Management and Control: This is a corporation whose shares, or at least voting shares, are held by a single shareholder or closely knit group of shareholders. Generally, there are no public investors and its shareholders are active in the conduct of the business. A Close Corporation can be managed in the traditional manner by a board of directors or it can elect to be run by shareholders. In the latter case, the shareholders perform the duties of the board of directors. Shareholders are usually active in the management of the company due to the limited number of shareholders permitted.

Limited Personal Liability: The shareholders of a Close Corporation are personally liable for the debts and liabilities of the Close Corporation only to the extent of their capital contribution. However, those shareholders managing the affairs of the business in lieu of the board of directors are subject to liability as if they were members of the board.

Distributions: Same as Regular Corporations

Taxation: Taxation of the corporation depends on the type of close corporation formed, a C Corporation or a Subchapter S Corporation. The profits of a Regular Corporation (C Corporation) are subject to double taxation once at the corporate level and again when profits are distributed as dividends to their shareholders. If a corporation meets specific IRS requirements a corporation can file for Subchapter S Corporation status and generally avoid tax at the corporate level. Also, the owners of an S Corporation may personally deduct losses the same as a partnership. The IRS requirements for electing S Corporation status are listed below under S Corporation.

Transferability: Transferability is limited to a close knit group of no more than 30 to 50 shareholders. Since shareholders are so involved in the operation of the business, limits on the transferability of shares and prohibitions against public investors are some of the attractions of this form of corporation. By limiting transferability using restrictions such as the right of first refusal and buy-sell agreements in the articles of incorporation or bylaws, corporate ownership is restricted to those who are most closely tied to the ongoing operation and continued success of the business.
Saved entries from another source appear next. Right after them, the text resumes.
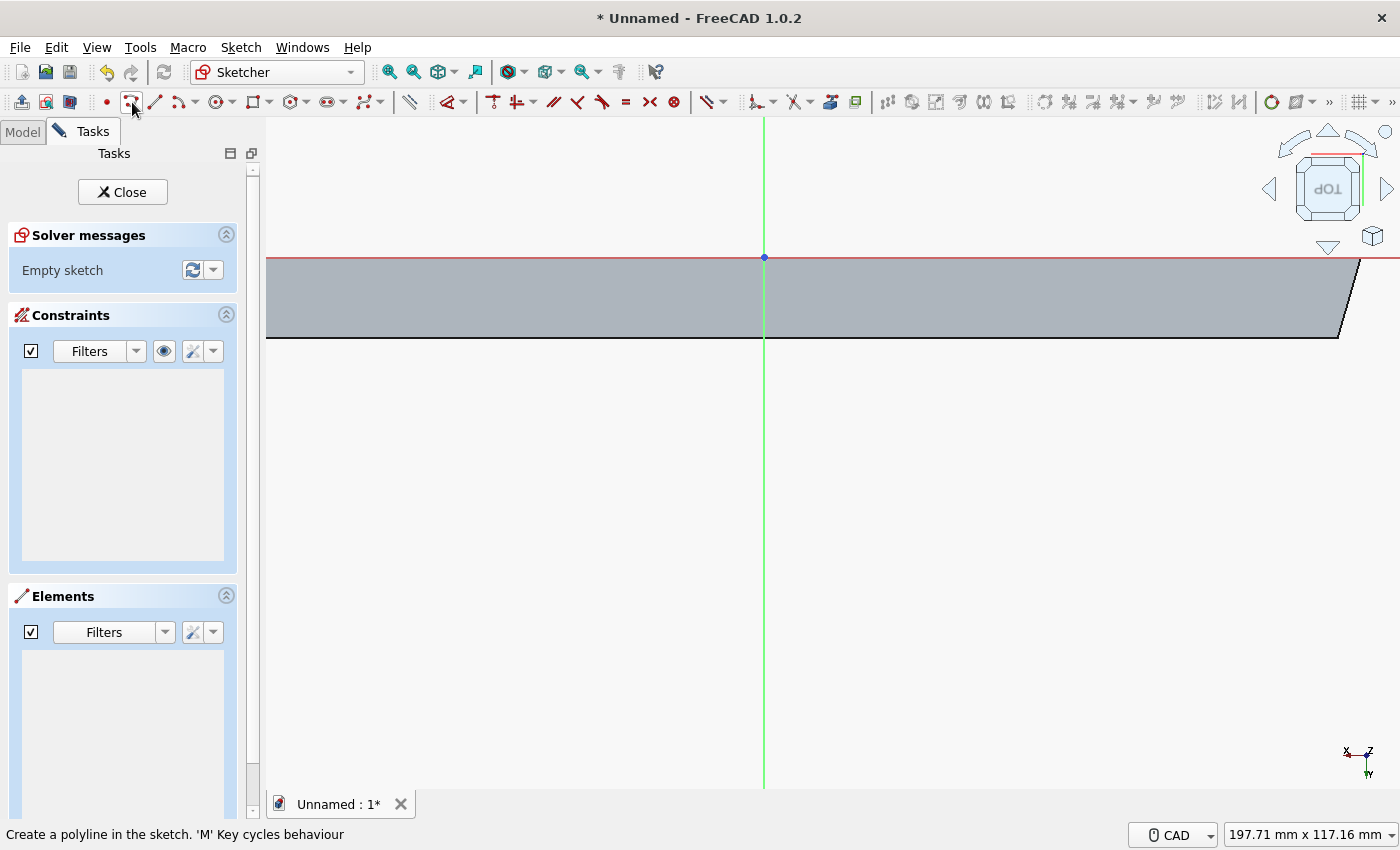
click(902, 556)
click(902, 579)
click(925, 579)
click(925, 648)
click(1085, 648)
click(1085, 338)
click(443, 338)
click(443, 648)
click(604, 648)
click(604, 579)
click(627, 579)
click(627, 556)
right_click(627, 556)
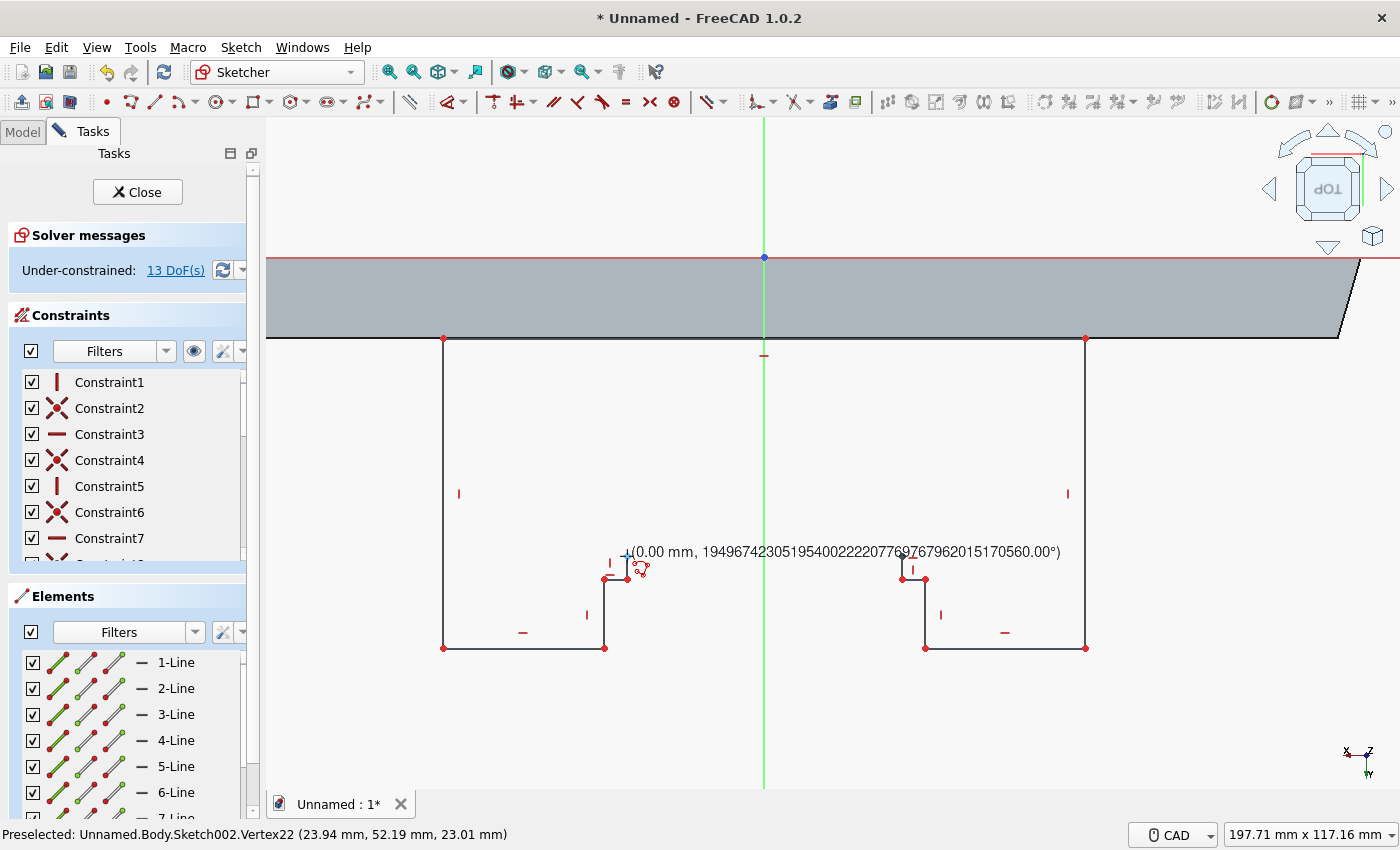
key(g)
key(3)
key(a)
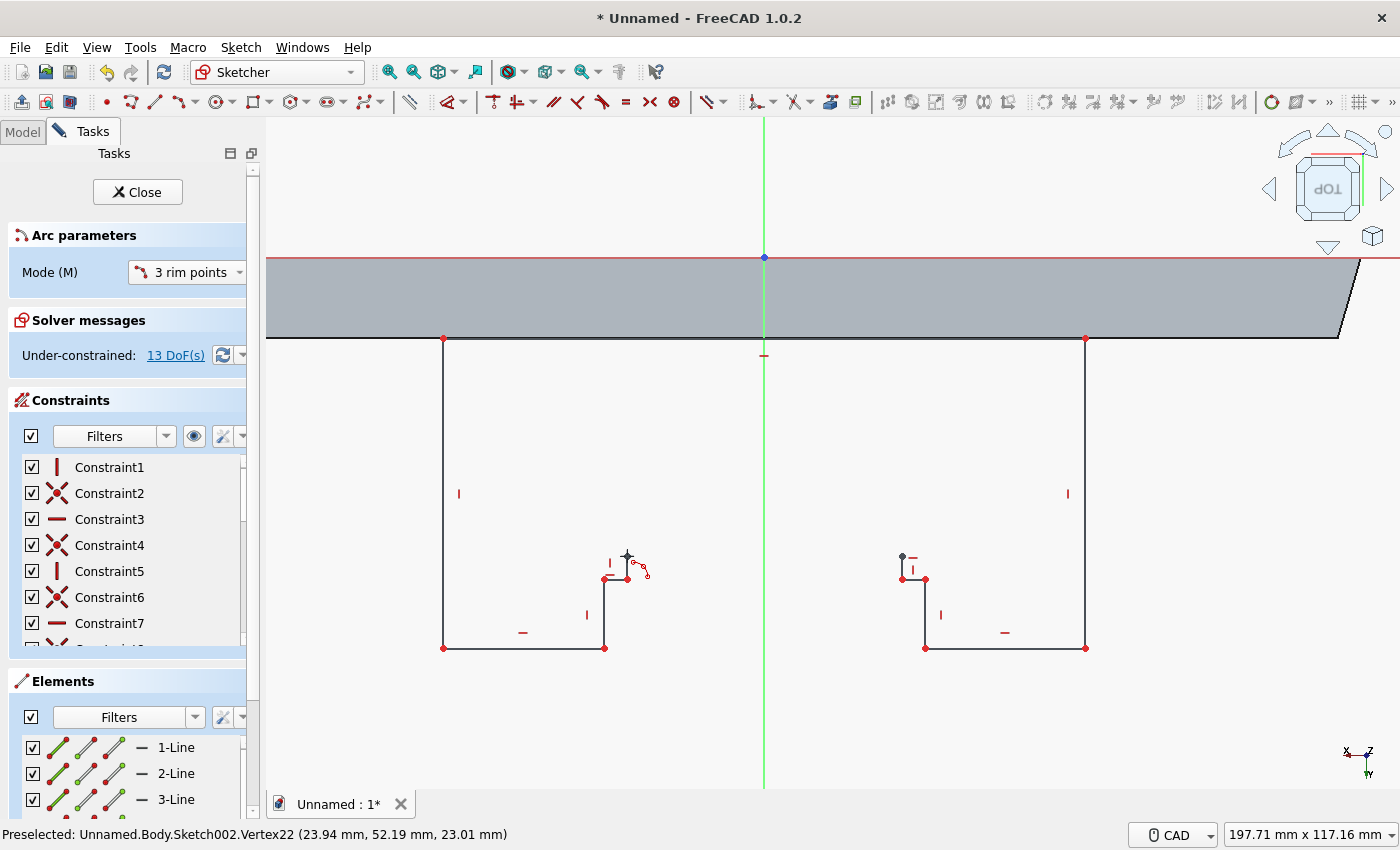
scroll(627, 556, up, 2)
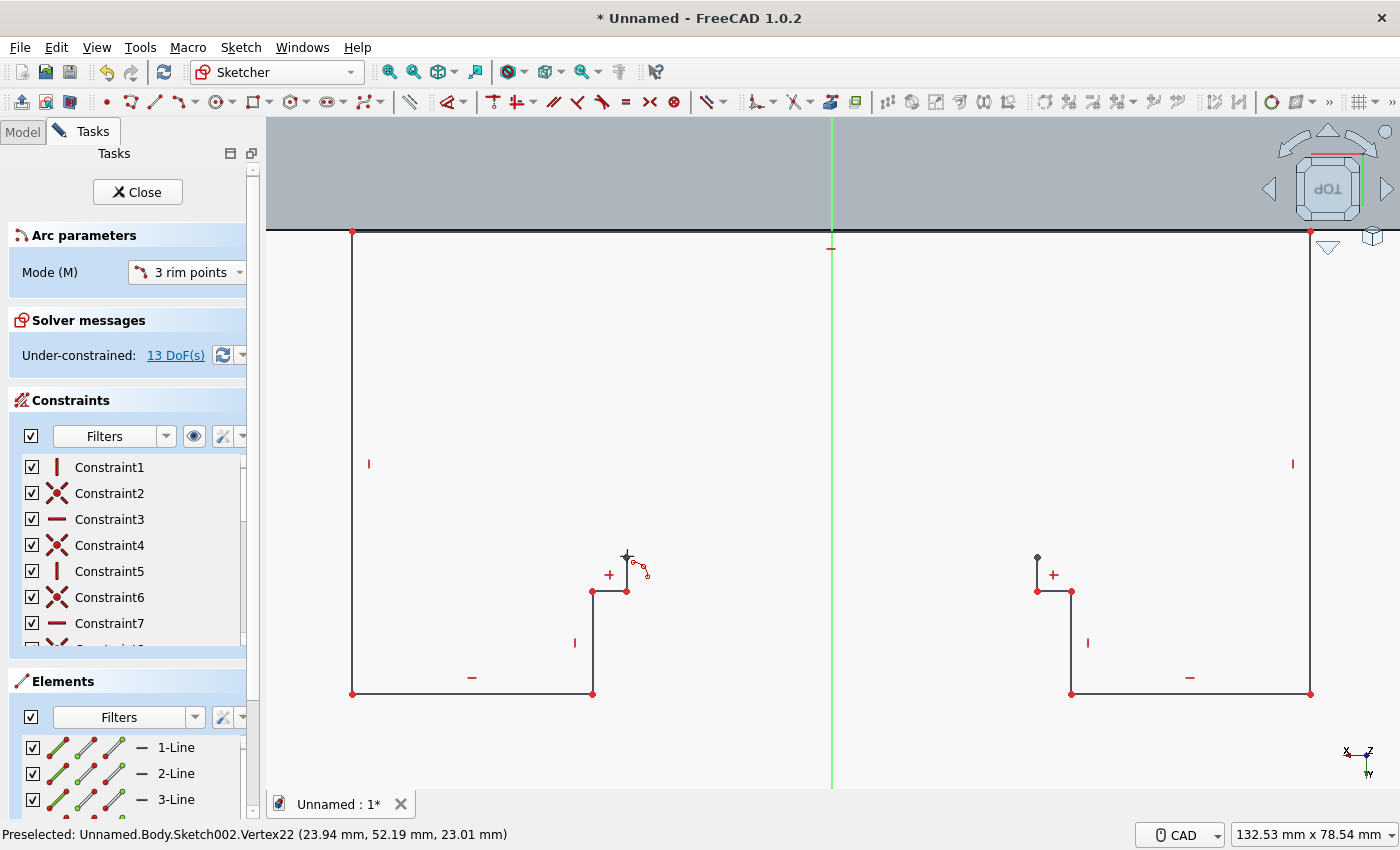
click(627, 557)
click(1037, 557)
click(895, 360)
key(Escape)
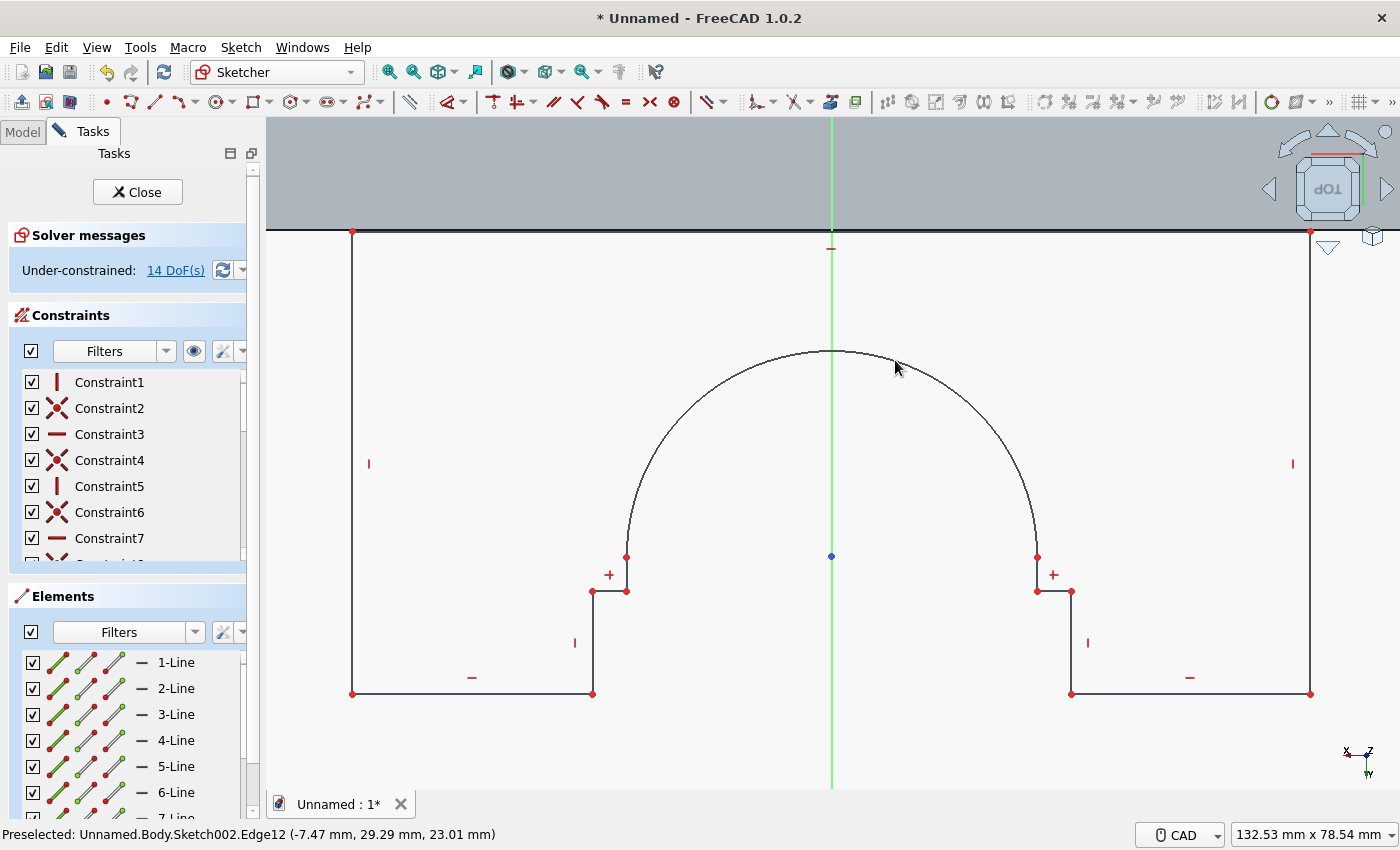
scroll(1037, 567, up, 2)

Formation: A close corporation will have in its articles of incorporation a provision stating that "this corporation is a Close Corporation." Bylaws are generally not required if provisions normally included in bylaws are included in the shareholder's agreement. A corporation may be formed initially as a close corporation, or it may amend its articles of incorporation to include a statement to that effect.
Texas Only: A Close Corporation in Texas cannot commence business until it has received at least $1,000.00 for the issuance of shares.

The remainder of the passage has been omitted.